## TASK GOAL
With the pictures left out, write every entry down exactly.

--------------------------------

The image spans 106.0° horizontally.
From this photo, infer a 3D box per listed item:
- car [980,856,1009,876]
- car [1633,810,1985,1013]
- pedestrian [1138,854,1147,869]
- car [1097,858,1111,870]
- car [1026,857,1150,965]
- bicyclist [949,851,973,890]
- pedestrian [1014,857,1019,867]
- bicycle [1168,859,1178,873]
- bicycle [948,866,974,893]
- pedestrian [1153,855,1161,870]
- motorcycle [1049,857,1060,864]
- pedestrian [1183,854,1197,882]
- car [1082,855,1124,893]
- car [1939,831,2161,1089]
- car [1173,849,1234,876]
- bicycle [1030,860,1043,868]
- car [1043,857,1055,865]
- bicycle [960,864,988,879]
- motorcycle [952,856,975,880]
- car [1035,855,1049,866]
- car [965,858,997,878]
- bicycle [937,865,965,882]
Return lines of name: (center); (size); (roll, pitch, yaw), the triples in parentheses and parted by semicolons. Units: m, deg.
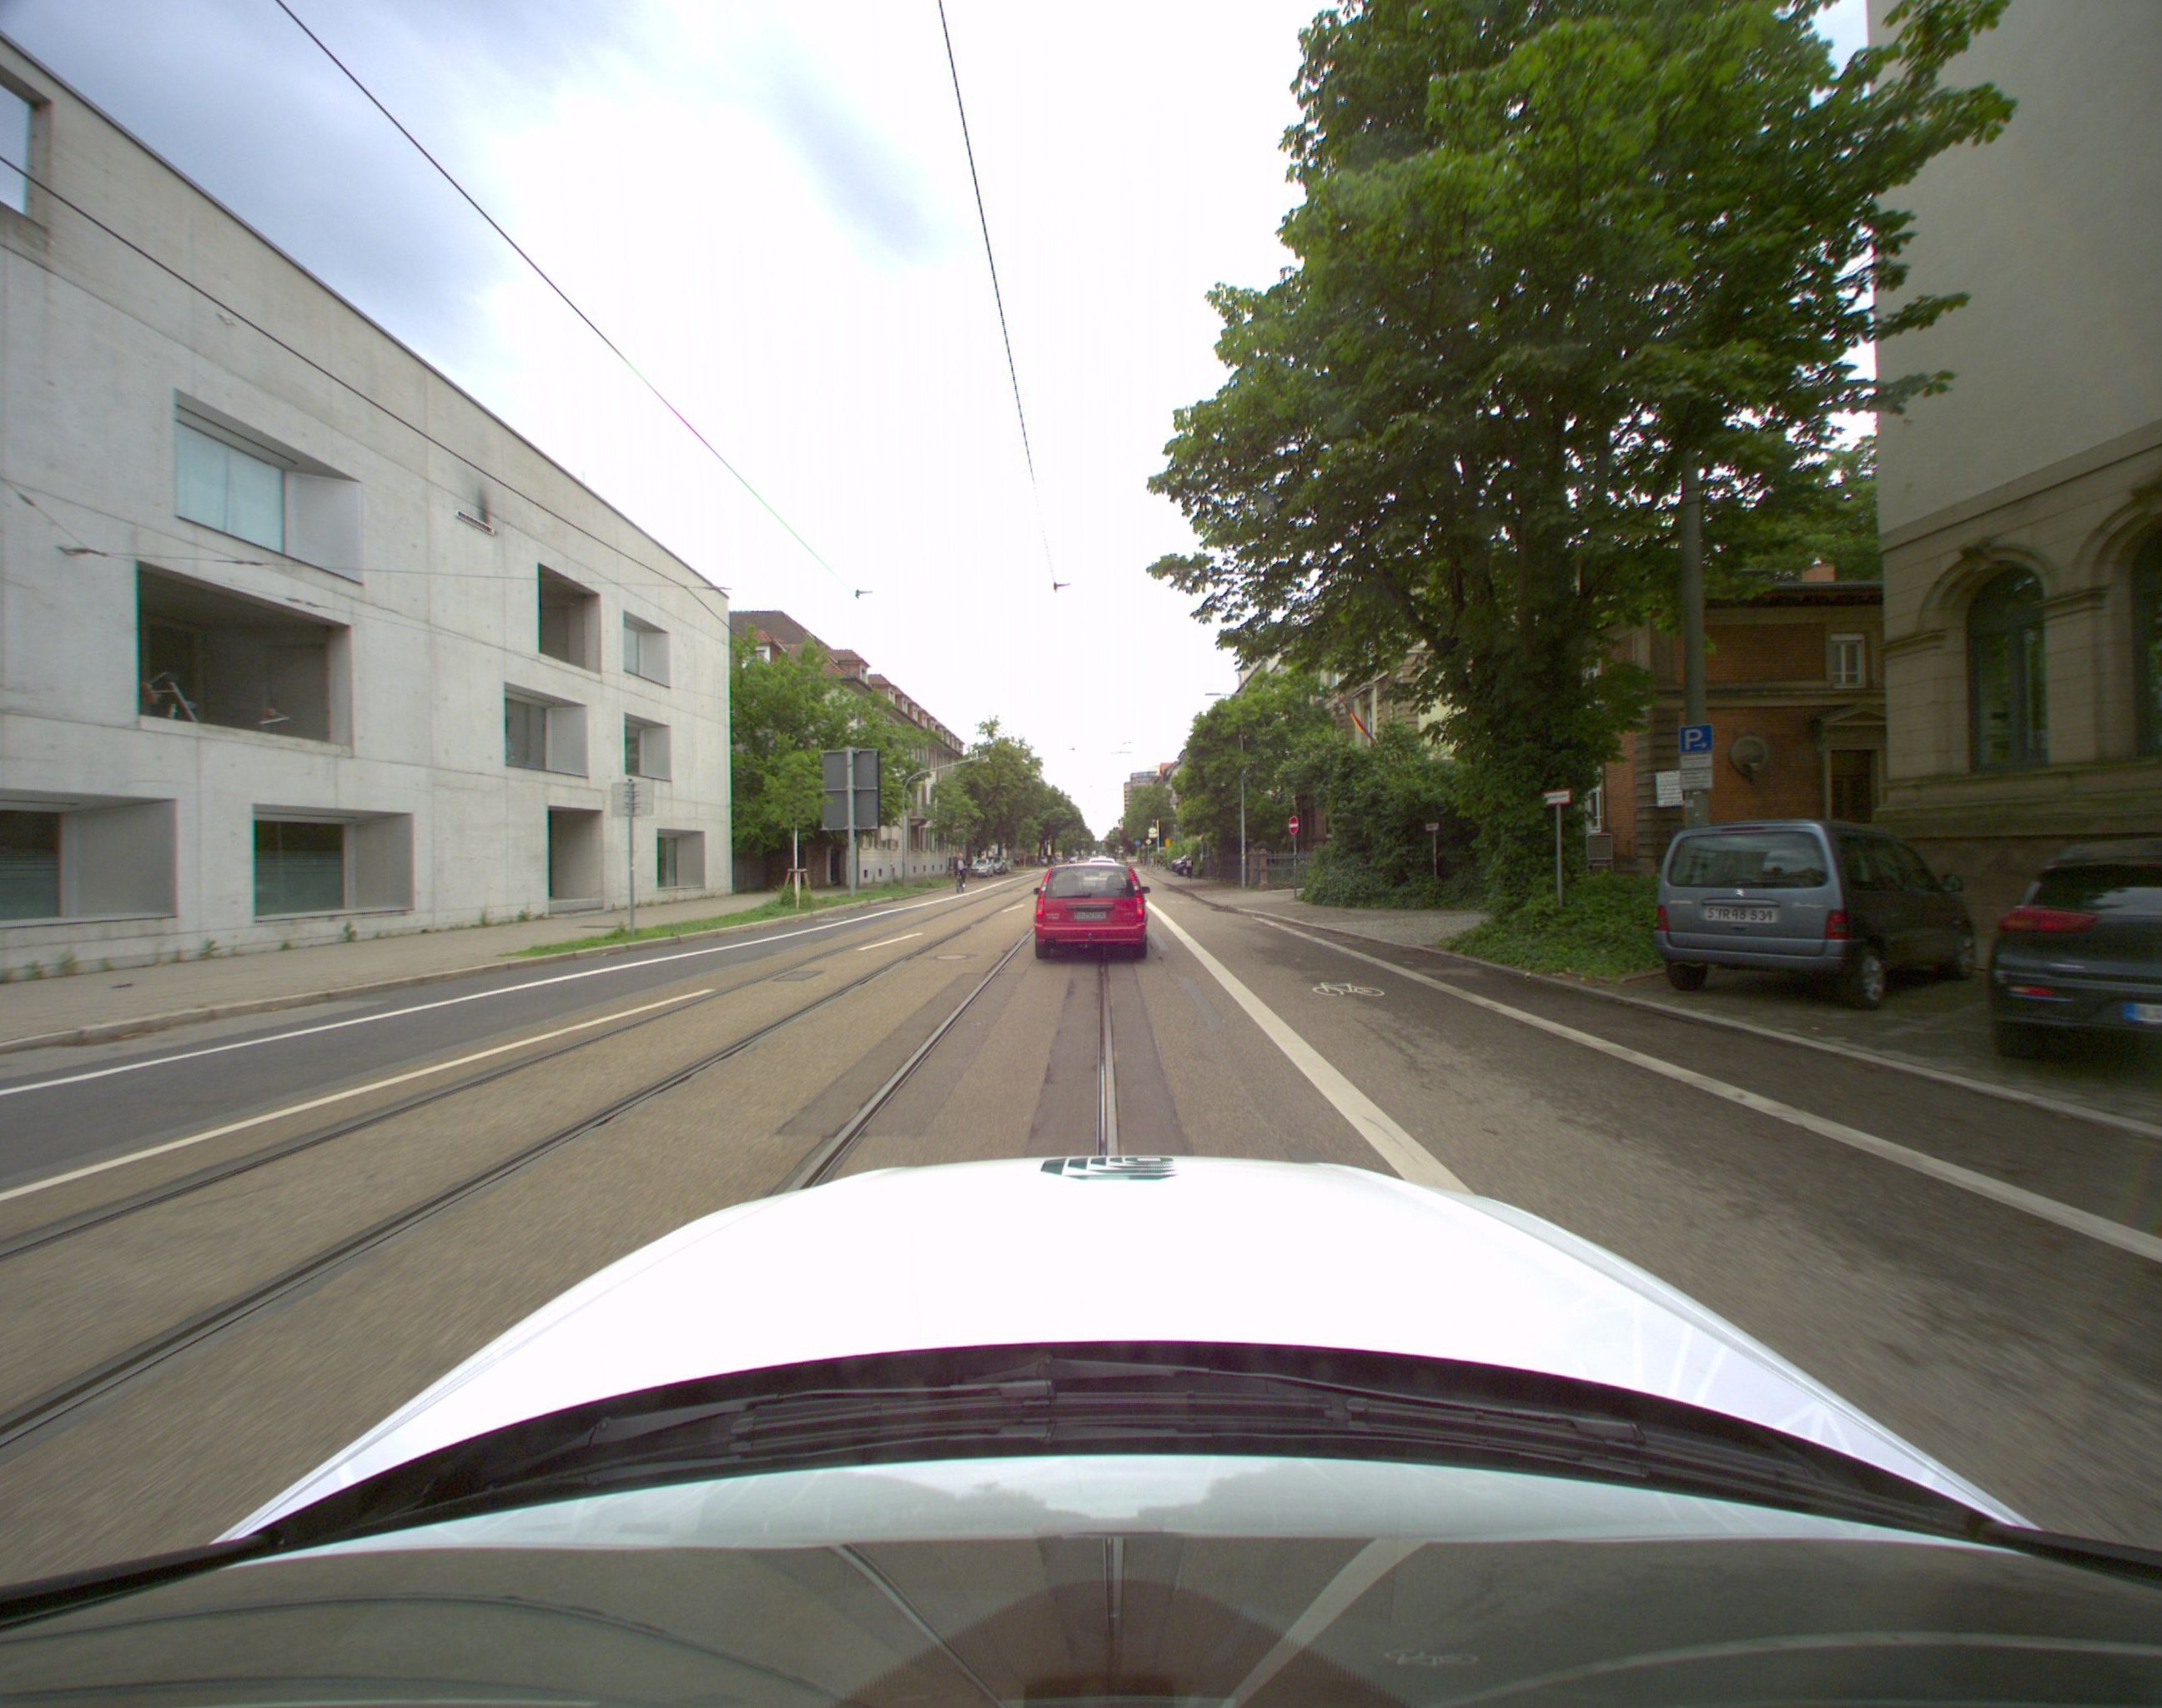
car: (-7.465, 1.009, 70.904); (1.830, 1.661, 4.296); (1, 0, 2)
car: (8.118, 0.479, 9.039); (3.852, 1.820, 1.789); (-1, 0, -30)
pedestrian: (7.254, 0.871, 96.037); (0.867, 1.656, 0.912); (-1, 0, 13)
car: (3.181, 1.347, 111.695); (1.736, 1.606, 3.998); (-1, 0, -1)
car: (0.165, 0.784, 13.035); (1.682, 1.441, 3.745); (-1, 0, 2)
bicyclist: (-5.647, 0.773, 38.380); (0.788, 1.783, 1.148); (-4, 0, 2)
pedestrian: (-9.365, 1.205, 118.394); (0.562, 1.467, 0.723); (-1, -1, 1)
bicycle: (7.606, 0.985, 67.579); (0.630, 1.127, 1.812); (-3, 0, 1)
bicycle: (-5.618, 1.186, 38.371); (0.788, 1.186, 2.011); (-4, 0, 2)
pedestrian: (8.231, 0.883, 88.089); (0.790, 1.636, 0.836); (-1, 0, 1)
motorcycle: (-5.589, 1.346, 169.703); (2.243, 1.511, 0.932); (-1, -2, 36)
pedestrian: (6.637, 0.848, 49.728); (0.621, 1.671, 0.960); (-4, 0, 0)
car: (1.021, 0.855, 36.393); (1.711, 1.625, 3.944); (-1, 0, 3)
car: (8.201, 0.607, 6.067); (4.016, 1.539, 1.845); (-2, 0, -34)
car: (9.172, 0.613, 61.177); (4.263, 1.809, 1.825); (-2, 0, 2)
bicycle: (-6.848, 1.527, 125.324); (1.915, 1.121, 0.624); (1, -1, 0)
car: (-5.799, 1.246, 148.255); (1.770, 1.511, 4.240); (0, 0, 2)
bicycle: (-7.760, 1.267, 59.071); (1.890, 1.027, 0.563); (-1, 0, -4)
motorcycle: (-7.994, 0.934, 55.479); (0.827, 1.643, 2.486); (-1, 0, 9)
car: (-6.178, 1.050, 129.480); (1.891, 1.655, 4.225); (0, 0, 0)
car: (-7.647, 1.040, 62.410); (1.805, 1.466, 4.614); (0, 0, 1)
bicycle: (-8.481, 1.276, 53.241); (1.727, 1.129, 0.520); (-1, 0, 19)

--------------------------------

## ANSWER TO THE PROBLEM
The image spans 106.0° horizontally.
From this photo, infer a 3D box per listed item:
- car [980,856,1009,876]
- car [1633,810,1985,1013]
- pedestrian [1138,854,1147,869]
- car [1097,858,1111,870]
- car [1026,857,1150,965]
- bicyclist [949,851,973,890]
- pedestrian [1014,857,1019,867]
- bicycle [1168,859,1178,873]
- bicycle [948,866,974,893]
- pedestrian [1153,855,1161,870]
- motorcycle [1049,857,1060,864]
- pedestrian [1183,854,1197,882]
- car [1082,855,1124,893]
- car [1939,831,2161,1089]
- car [1173,849,1234,876]
- bicycle [1030,860,1043,868]
- car [1043,857,1055,865]
- bicycle [960,864,988,879]
- motorcycle [952,856,975,880]
- car [1035,855,1049,866]
- car [965,858,997,878]
- bicycle [937,865,965,882]
Return lines of name: (center); (size); (roll, pitch, yaw), the triples in parentheses and parted by semicolons. Units: m, deg.
car: (-7.465, 1.009, 70.904); (1.830, 1.661, 4.296); (1, 0, 2)
car: (8.118, 0.479, 9.039); (3.852, 1.820, 1.789); (-1, 0, -30)
pedestrian: (7.254, 0.871, 96.037); (0.867, 1.656, 0.912); (-1, 0, 13)
car: (3.181, 1.347, 111.695); (1.736, 1.606, 3.998); (-1, 0, -1)
car: (0.165, 0.784, 13.035); (1.682, 1.441, 3.745); (-1, 0, 2)
bicyclist: (-5.647, 0.773, 38.380); (0.788, 1.783, 1.148); (-4, 0, 2)
pedestrian: (-9.365, 1.205, 118.394); (0.562, 1.467, 0.723); (-1, -1, 1)
bicycle: (7.606, 0.985, 67.579); (0.630, 1.127, 1.812); (-3, 0, 1)
bicycle: (-5.618, 1.186, 38.371); (0.788, 1.186, 2.011); (-4, 0, 2)
pedestrian: (8.231, 0.883, 88.089); (0.790, 1.636, 0.836); (-1, 0, 1)
motorcycle: (-5.589, 1.346, 169.703); (2.243, 1.511, 0.932); (-1, -2, 36)
pedestrian: (6.637, 0.848, 49.728); (0.621, 1.671, 0.960); (-4, 0, 0)
car: (1.021, 0.855, 36.393); (1.711, 1.625, 3.944); (-1, 0, 3)
car: (8.201, 0.607, 6.067); (4.016, 1.539, 1.845); (-2, 0, -34)
car: (9.172, 0.613, 61.177); (4.263, 1.809, 1.825); (-2, 0, 2)
bicycle: (-6.848, 1.527, 125.324); (1.915, 1.121, 0.624); (1, -1, 0)
car: (-5.799, 1.246, 148.255); (1.770, 1.511, 4.240); (0, 0, 2)
bicycle: (-7.760, 1.267, 59.071); (1.890, 1.027, 0.563); (-1, 0, -4)
motorcycle: (-7.994, 0.934, 55.479); (0.827, 1.643, 2.486); (-1, 0, 9)
car: (-6.178, 1.050, 129.480); (1.891, 1.655, 4.225); (0, 0, 0)
car: (-7.647, 1.040, 62.410); (1.805, 1.466, 4.614); (0, 0, 1)
bicycle: (-8.481, 1.276, 53.241); (1.727, 1.129, 0.520); (-1, 0, 19)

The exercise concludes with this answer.